Now We Know How To Overcome A Sexual Plateau In Your Relationship

As much as everyone wants to find their person, fall in love, and have either a long-term relationship or even get married, it's not all rainbows and unicorns. In fact, if you talk to anyone you know about their sex life after being with their partner for a long time, they'll tell you a painful fact: desire for each other dwindles.

"There's a time in a relationship where you're past the infatuation and discovery phase," clinical psychologist Dr. Sanam Hafeez tells NBC News. "There are a ton of external stressors and things that may threaten being in 'the mood' for sex despite being in love. These can be things like work, commutes, parenting, or chores."

Although there are benefits to having regular sex, both physically and psychologically, sometimes couples just hit a plateau and find themselves stuck (via CNN Health). While external forces, like having kids, work, general obligations, or even the need for more spice, can definitely lead to a sexual plateau, new research has found how to overcome this stage in a relationship.

Maintenance sex

While no one wants to see the words "maintenance" and "sex" in the same sentence because it sounds like you need a tune-up like a car, maintenance sex does come in handy in relationships (via HealthShots).

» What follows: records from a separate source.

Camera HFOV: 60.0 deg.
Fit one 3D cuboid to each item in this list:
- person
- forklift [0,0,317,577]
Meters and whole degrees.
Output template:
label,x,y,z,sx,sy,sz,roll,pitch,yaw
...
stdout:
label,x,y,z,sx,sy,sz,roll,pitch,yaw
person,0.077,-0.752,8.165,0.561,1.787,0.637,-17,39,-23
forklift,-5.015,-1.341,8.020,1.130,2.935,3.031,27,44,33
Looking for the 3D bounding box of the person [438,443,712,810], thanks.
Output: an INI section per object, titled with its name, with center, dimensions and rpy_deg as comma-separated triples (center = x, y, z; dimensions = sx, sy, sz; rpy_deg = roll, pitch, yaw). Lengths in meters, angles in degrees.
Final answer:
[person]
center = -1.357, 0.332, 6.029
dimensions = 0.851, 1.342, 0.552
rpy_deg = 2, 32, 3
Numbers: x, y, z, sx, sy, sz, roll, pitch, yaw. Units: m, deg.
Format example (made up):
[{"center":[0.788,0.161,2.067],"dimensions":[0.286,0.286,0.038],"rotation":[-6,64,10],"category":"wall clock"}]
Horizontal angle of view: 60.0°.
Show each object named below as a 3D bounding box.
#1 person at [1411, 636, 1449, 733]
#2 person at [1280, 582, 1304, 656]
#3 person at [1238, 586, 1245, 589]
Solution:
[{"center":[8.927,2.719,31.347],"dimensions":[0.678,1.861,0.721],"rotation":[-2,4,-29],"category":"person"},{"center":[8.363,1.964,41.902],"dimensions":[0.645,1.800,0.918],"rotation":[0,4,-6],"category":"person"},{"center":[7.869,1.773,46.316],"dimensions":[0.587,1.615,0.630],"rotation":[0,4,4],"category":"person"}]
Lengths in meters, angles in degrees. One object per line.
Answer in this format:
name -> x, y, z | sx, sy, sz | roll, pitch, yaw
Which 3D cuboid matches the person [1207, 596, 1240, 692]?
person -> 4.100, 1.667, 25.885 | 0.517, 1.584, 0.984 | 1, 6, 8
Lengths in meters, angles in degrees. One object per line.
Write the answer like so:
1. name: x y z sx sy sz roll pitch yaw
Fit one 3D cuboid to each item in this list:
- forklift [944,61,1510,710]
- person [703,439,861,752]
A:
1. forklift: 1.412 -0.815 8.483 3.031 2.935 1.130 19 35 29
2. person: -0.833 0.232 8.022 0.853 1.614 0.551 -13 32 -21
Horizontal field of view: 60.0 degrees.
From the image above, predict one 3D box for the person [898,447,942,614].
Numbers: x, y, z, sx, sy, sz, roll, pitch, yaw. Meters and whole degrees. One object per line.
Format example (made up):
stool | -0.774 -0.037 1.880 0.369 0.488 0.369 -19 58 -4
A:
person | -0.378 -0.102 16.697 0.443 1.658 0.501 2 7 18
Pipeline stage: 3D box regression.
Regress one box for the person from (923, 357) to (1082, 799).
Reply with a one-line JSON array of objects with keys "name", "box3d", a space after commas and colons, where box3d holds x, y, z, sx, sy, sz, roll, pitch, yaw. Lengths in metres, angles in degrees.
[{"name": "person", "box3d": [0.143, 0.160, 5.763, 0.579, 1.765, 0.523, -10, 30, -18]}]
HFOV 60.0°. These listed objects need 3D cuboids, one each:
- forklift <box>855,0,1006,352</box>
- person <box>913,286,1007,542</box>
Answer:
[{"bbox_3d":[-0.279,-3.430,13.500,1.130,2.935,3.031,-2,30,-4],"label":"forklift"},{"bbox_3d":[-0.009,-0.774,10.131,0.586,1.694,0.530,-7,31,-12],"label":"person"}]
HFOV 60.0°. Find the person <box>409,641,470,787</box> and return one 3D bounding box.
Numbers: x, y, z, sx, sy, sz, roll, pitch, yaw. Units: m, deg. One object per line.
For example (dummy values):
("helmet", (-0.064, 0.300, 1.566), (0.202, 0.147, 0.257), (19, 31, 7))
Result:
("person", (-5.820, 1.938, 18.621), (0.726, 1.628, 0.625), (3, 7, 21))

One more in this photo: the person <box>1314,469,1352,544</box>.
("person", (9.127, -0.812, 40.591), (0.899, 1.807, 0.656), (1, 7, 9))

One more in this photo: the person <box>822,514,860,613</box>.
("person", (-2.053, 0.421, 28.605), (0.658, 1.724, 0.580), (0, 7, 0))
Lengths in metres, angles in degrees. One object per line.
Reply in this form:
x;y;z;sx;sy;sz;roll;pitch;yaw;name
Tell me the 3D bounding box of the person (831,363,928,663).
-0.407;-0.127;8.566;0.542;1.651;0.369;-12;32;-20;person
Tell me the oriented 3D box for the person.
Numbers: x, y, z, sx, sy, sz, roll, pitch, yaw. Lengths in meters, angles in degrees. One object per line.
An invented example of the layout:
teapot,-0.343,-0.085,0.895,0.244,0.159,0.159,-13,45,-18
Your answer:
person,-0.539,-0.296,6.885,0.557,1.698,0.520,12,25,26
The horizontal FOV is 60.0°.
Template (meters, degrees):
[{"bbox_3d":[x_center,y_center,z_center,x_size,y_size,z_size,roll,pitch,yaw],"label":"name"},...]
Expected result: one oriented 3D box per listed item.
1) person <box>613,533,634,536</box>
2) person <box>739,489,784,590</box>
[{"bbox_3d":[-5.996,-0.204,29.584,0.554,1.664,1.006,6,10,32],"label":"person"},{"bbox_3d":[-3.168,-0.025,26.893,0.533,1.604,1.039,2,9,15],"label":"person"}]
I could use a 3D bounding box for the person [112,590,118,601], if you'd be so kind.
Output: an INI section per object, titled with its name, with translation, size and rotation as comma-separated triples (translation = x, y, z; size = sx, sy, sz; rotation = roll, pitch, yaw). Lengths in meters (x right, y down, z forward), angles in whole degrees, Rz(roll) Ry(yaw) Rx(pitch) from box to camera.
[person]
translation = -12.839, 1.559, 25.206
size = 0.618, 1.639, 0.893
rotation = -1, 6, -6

"[Maintenance sex] encourages people to try new things, open up dialogues about desires and how their bodies and libidos are shifting," sex educator Allison Moon tells USA Today. "It's an opportunity for people to engage in fun, affirming sexual touch even if it doesn't come from the deep rutting urge it came from when the relationship was new. ... Maintenance sex only really works when it's done with true consent and a certain amount of enthusiasm to make one's partner happy."

As Moon explains, although maintenance sex is beneficial to a relationship, it becomes an issue when it's the only type of sex you and your partner are having. Ultimately, having sex should increase your libido, per WebMD, so maintenance sex shouldn't be necessary all the time. It should serve its purpose by opening the doors to desire as opposed to making every sex sesh feel obligatory. After all, no one should feel obligated to have sex. Ever. 

Expressing gratitude

If maintenance sex isn't your thing — it does have its naysayers, after all, who call it "duty sex" (via Jezebel) — another option is expressing gratitude to your partner. According to a study published in Social Psychological and Personality Science, couples that express their gratitude and receive the same level of gratitude from their partner experienced greater levels of sexual satisfaction in their relationship.

"Maintaining sexual satisfaction is a critical, yet challenging, aspect of most romantic relationships," psychologist Ashlyn Brady of the University of North Carolina tells Forbes. "Results from our study suggest that experiencing and receiving gratitude increases the motivation to meet a partner's sexual needs."

Not every couple can be on the same page with their sex drive, nor does every relationship maintain the same level of sexual activity over the course of years and years. It's normal for things to shift and for one, or both partners to lose interest in sex for a myriad of reasons. What's most important is that you don't ignore the fact that you've hit a sexual plateau and that you talk about it. In admitting that something is off, you can come up with a plan of how to rectify it, and your relationship will be better for it.